Work through the records below and copy every line that includes "where".

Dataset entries
···
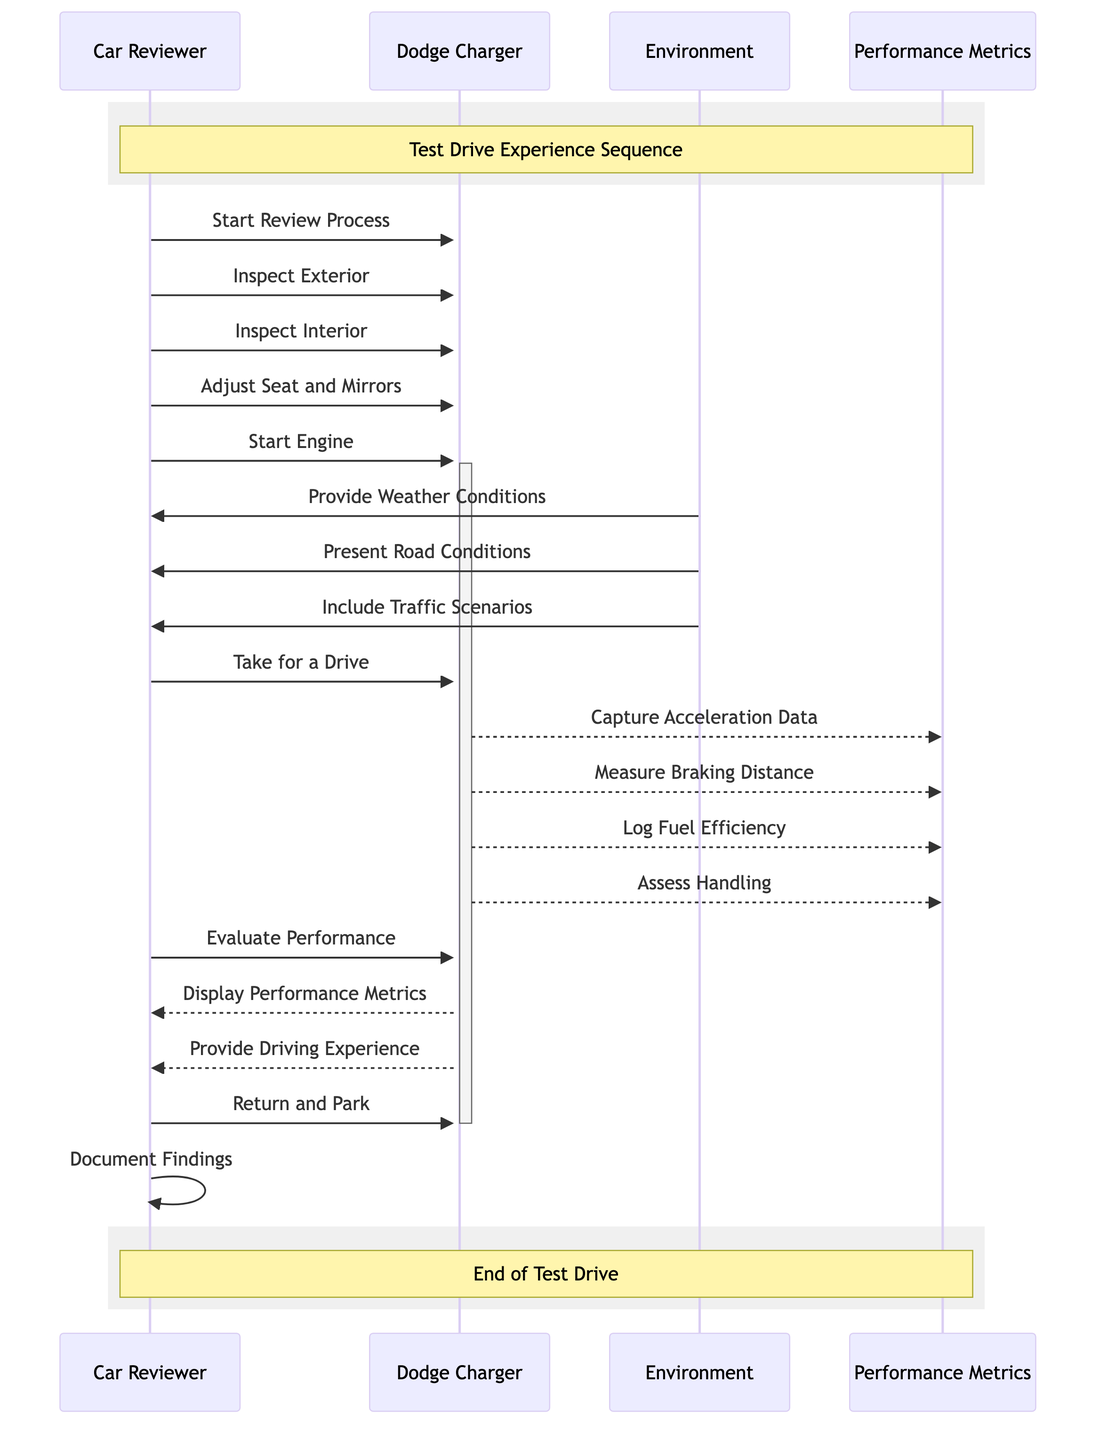How many actions does the Car Reviewer perform? The Car Reviewer performs a total of 9 actions as listed in the diagram. This includes actions like starting the review process, inspecting exterior and interior, adjusting seats and mirrors, and so on.
Answer: 9 What is the first action that the Car Reviewer takes? According to the sequence diagram, the first action taken by the Car Reviewer is to start the review process, which is the initial step in the sequence.
Answer: Start Review Process Which participant provides the weather conditions? The Environment participant provides the weather conditions to the Car Reviewer during the sequence, as indicated in the interactions.
Answer: Environment What performance metric is captured related to acceleration? The performance metric related to acceleration is captured when the Dodge Charger sends acceleration data to the Performance Metrics participant. This is detailed in the sequence where the Dodge Charger communicates with Performance Metrics.
Answer: Capture Acceleration Data How many distinct entities are involved in the sequence diagram? There are four distinct entities involved in the sequence diagram: Car Reviewer, Dodge Charger, Environment, and Performance Metrics. The diagram clearly identifies each participant in the interactions.
Answer: 4 What is the last action performed by the Car Reviewer? The last action performed by the Car Reviewer in the sequence is to document findings, concluding the test drive experience. This is the final step noted in the diagram.
Answer: Document Findings Which participant provides the driving experience to the Car Reviewer? The Dodge Charger provides the driving experience to the Car Reviewer after evaluating performance, as captured in the interaction sequence.
Answer: Dodge Charger What types of road conditions does the Environment present? The Environment presents both road conditions and traffic scenarios, as mentioned in the sequence diagram, where these actions are specified.
Answer: Road Conditions and Traffic Scenarios What is the purpose of the Performance Metrics participant in the test drive sequence? The Performance Metrics participant serves to log various measurements such as acceleration data, braking distance, fuel efficiency, and handling assessments during the test drive. This shows the comprehensive evaluation focus.
Answer: Log Performance Data
···
◆ Task output:
Answer: Environment What performance metric is captured related to acceleration? The performance metric related to acceleration is captured when the Dodge Charger sends acceleration data to the Performance Metrics participant. This is detailed in the sequence where the Dodge Charger communicates with Performance Metrics.
Answer: Dodge Charger What types of road conditions does the Environment present? The Environment presents both road conditions and traffic scenarios, as mentioned in the sequence diagram, where these actions are specified.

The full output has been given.